Вы здесь

Секретный дьяк. Часть II. Путешествие из Санкт-Петербурга в Якутск. Февраль 1722-август 1723 гг. (Г. М. Прашкевич, 2015)

Часть II. Путешествие из Санкт-Петербурга в Якутск

Февраль 1722-август 1723 гг.

Что ветры мне и сине море?

Что гром, и шторм, и океан?

Где ужасы и где здесь горе,

Когда в руках с вином стакан?

Спасет ли нас компас, руль, снасти?

Нет! сила в том, чтоб дух пылал.

Я пью! и не боюсь напасти,

Приди хотя девятый вал!

Приди, и волн зияй утроба!

Мне лучше пьяным утонуть,

Чем трезвым доживать до гроба

И с плачем плыть в столь дальный путь.

Г. Державин

Глава I. Дар безмолвия

1

– Гони!

Пока крепкое винцо плескалось в дорожной баклаге, пока это крепкое ржаное винцо обдавало желудок жаром и радужно махом согревало кровь, даже само постоянное и постепенное отдаление от Москвы радовало душу. А о Санкт-Петербурхе и вспоминать не хотелось. Дальше! Как можно дальше! Все время хотелось как можно дальше умчаться от низкого плоского Санкт-Петербурха, от страшного, серого! Схватывало льдом сердце при одной мысли о том, что кто-то мог потребовать возвращения в Парадиз, что кто-то мог вернуть в серый нечеловеческий город.
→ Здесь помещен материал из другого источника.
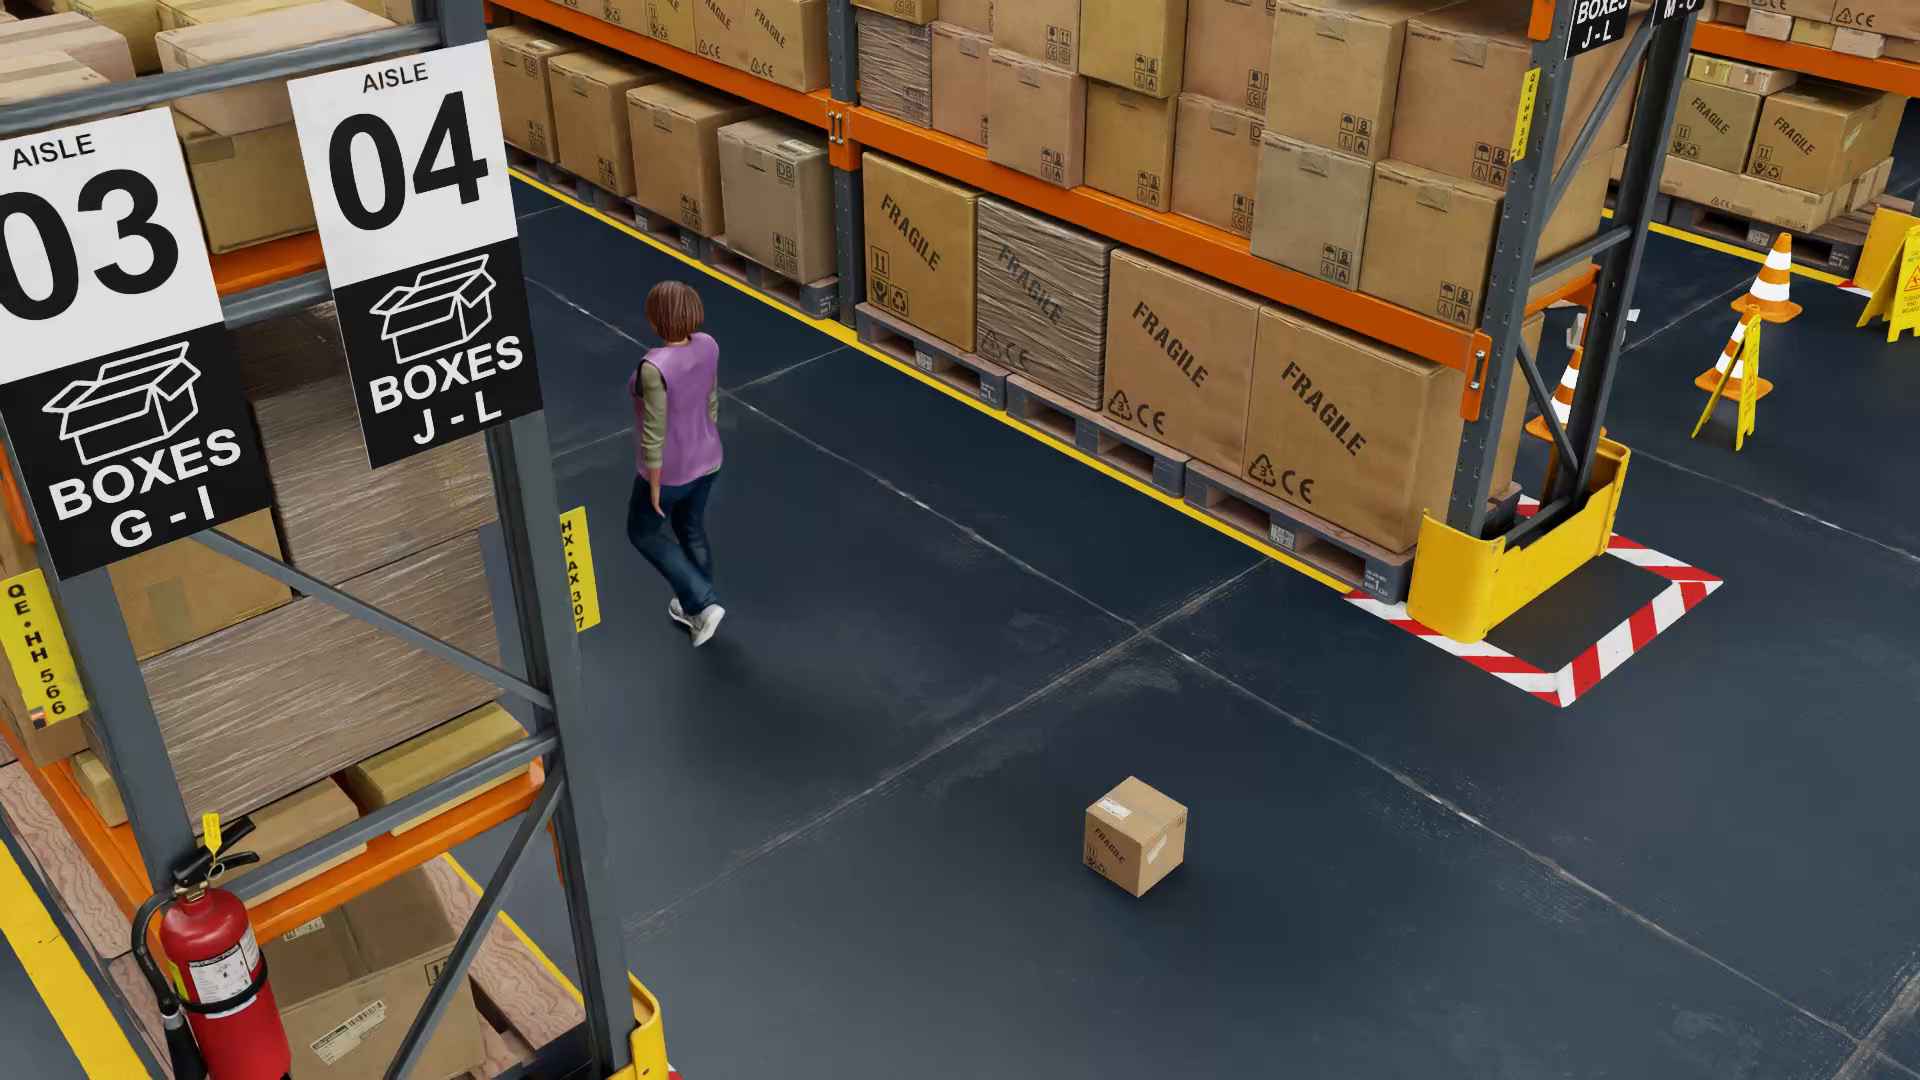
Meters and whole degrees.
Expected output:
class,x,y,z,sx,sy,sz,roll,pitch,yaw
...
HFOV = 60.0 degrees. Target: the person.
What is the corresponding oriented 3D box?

Ни за что! Подальше от Парадиза! Подальше от мрачных подвалов, от дворцов, мостов, площадей. Впадая в отчаяние, самого себя не умея понять, Иван совал потную руку под полость, которой кутал зябнущие ноги, вынимал деревянную дорожную баклагу и, пугливо отворачиваясь от господина Чепесюка, но при этом как бы нисколько его не боясь, всем видом показывая, что ну совсем не боится названного господина, делал большой глоток.

Скушные заставы, проломленные деревянные мосты, колодцы, иногда с высокими деревянными журавлями, броды, займища, деревушки, заброшенные погосты и вдруг какое крупное село! А потом опять – лес, грязные проселки, дикие гати, расчистки. Сам черт не разберет пути, однако ямщики разбирали.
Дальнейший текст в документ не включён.